**PROBLEM**
Beginning with the line that contains "8. Draft check", copy each remaining line of the data below exactly.

[Source records]
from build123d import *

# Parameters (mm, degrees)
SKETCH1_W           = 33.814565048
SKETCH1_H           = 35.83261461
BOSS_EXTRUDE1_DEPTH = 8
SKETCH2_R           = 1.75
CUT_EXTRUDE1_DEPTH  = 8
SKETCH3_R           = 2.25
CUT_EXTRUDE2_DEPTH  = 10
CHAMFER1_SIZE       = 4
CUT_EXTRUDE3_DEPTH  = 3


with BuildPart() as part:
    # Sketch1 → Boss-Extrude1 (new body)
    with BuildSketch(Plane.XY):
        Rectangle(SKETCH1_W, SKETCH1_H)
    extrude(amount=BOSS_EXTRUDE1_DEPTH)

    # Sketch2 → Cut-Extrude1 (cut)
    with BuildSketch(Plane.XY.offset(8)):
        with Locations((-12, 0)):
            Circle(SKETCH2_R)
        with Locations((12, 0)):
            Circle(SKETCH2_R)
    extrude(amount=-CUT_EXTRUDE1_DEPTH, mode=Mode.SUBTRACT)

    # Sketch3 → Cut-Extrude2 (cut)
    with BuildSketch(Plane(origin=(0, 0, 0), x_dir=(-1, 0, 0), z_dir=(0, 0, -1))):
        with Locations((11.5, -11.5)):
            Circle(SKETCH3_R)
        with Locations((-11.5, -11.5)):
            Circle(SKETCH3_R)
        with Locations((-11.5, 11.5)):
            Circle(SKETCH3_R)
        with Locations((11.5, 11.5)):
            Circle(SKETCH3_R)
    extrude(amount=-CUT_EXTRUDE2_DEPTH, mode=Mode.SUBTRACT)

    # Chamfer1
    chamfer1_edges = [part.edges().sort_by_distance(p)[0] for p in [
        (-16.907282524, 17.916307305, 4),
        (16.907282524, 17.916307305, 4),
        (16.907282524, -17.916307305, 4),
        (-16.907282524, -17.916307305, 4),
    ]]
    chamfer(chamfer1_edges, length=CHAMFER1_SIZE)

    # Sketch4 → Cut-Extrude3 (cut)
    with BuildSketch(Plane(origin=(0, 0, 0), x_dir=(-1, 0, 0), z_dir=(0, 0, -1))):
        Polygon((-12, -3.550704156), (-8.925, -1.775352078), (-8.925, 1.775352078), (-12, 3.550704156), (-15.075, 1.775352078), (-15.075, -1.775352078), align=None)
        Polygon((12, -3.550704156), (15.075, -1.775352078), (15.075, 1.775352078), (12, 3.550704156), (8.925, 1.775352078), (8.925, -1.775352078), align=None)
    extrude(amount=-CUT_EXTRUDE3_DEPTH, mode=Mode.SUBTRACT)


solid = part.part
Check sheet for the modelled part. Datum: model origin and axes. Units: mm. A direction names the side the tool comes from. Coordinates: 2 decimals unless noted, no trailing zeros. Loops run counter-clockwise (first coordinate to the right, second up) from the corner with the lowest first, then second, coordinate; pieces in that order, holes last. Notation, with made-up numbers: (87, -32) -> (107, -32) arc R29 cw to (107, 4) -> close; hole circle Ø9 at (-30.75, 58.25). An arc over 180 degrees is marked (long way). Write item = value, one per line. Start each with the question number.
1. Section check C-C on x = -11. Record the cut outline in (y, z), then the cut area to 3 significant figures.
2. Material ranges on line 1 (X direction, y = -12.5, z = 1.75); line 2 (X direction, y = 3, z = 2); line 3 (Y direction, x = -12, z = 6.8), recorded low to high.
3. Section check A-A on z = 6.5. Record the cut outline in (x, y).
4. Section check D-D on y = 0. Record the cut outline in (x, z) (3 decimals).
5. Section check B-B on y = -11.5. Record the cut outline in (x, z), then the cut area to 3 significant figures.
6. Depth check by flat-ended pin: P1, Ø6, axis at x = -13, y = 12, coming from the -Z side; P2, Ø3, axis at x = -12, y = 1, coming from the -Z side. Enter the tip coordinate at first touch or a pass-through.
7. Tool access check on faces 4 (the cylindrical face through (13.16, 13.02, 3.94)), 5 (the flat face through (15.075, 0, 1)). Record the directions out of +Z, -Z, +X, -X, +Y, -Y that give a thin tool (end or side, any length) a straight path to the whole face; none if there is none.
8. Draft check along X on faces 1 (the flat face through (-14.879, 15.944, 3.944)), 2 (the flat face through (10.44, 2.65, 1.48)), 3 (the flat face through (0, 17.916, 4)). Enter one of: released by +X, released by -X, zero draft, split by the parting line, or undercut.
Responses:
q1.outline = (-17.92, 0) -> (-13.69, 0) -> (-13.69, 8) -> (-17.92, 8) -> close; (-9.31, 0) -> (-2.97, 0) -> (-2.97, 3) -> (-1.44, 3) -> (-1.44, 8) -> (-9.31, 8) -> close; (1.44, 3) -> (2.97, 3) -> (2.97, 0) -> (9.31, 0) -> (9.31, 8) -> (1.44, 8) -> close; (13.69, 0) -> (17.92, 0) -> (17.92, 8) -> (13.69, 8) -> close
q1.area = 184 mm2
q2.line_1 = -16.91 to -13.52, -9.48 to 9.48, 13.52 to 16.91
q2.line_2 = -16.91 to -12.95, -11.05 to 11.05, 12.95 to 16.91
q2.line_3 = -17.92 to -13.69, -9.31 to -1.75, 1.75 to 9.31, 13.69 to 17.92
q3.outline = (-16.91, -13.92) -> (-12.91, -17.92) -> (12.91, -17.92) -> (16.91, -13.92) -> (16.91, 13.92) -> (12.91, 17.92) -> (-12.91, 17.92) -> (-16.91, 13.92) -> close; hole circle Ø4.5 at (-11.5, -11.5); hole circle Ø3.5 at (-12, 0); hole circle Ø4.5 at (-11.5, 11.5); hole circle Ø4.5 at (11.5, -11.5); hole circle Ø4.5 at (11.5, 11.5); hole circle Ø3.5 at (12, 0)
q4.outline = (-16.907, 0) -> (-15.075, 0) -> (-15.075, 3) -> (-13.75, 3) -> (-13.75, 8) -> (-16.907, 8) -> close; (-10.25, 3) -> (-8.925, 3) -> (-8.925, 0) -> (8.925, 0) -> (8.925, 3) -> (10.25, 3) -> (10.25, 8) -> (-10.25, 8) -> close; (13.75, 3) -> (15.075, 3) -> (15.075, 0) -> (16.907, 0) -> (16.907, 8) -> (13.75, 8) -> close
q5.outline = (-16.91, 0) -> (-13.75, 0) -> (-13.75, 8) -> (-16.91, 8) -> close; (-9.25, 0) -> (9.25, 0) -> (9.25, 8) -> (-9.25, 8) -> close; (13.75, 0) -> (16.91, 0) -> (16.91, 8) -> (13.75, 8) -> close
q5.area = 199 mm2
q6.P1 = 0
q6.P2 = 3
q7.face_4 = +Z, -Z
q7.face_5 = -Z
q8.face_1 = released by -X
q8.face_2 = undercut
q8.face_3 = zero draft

**EXERCISE RESPONSE**
8. Draft check along X on faces 1 (the flat face through (-14.879, 15.944, 3.944)), 2 (the flat face through (10.44, 2.65, 1.48)), 3 (the flat face through (0, 17.916, 4)). Enter one of: released by +X, released by -X, zero draft, split by the parting line, or undercut.
Responses:
q1.outline = (-17.92, 0) -> (-13.69, 0) -> (-13.69, 8) -> (-17.92, 8) -> close; (-9.31, 0) -> (-2.97, 0) -> (-2.97, 3) -> (-1.44, 3) -> (-1.44, 8) -> (-9.31, 8) -> close; (1.44, 3) -> (2.97, 3) -> (2.97, 0) -> (9.31, 0) -> (9.31, 8) -> (1.44, 8) -> close; (13.69, 0) -> (17.92, 0) -> (17.92, 8) -> (13.69, 8) -> close
q1.area = 184 mm2
q2.line_1 = -16.91 to -13.52, -9.48 to 9.48, 13.52 to 16.91
q2.line_2 = -16.91 to -12.95, -11.05 to 11.05, 12.95 to 16.91
q2.line_3 = -17.92 to -13.69, -9.31 to -1.75, 1.75 to 9.31, 13.69 to 17.92
q3.outline = (-16.91, -13.92) -> (-12.91, -17.92) -> (12.91, -17.92) -> (16.91, -13.92) -> (16.91, 13.92) -> (12.91, 17.92) -> (-12.91, 17.92) -> (-16.91, 13.92) -> close; hole circle Ø4.5 at (-11.5, -11.5); hole circle Ø3.5 at (-12, 0); hole circle Ø4.5 at (-11.5, 11.5); hole circle Ø4.5 at (11.5, -11.5); hole circle Ø4.5 at (11.5, 11.5); hole circle Ø3.5 at (12, 0)
q4.outline = (-16.907, 0) -> (-15.075, 0) -> (-15.075, 3) -> (-13.75, 3) -> (-13.75, 8) -> (-16.907, 8) -> close; (-10.25, 3) -> (-8.925, 3) -> (-8.925, 0) -> (8.925, 0) -> (8.925, 3) -> (10.25, 3) -> (10.25, 8) -> (-10.25, 8) -> close; (13.75, 3) -> (15.075, 3) -> (15.075, 0) -> (16.907, 0) -> (16.907, 8) -> (13.75, 8) -> close
q5.outline = (-16.91, 0) -> (-13.75, 0) -> (-13.75, 8) -> (-16.91, 8) -> close; (-9.25, 0) -> (9.25, 0) -> (9.25, 8) -> (-9.25, 8) -> close; (13.75, 0) -> (16.91, 0) -> (16.91, 8) -> (13.75, 8) -> close
q5.area = 199 mm2
q6.P1 = 0
q6.P2 = 3
q7.face_4 = +Z, -Z
q7.face_5 = -Z
q8.face_1 = released by -X
q8.face_2 = undercut
q8.face_3 = zero draft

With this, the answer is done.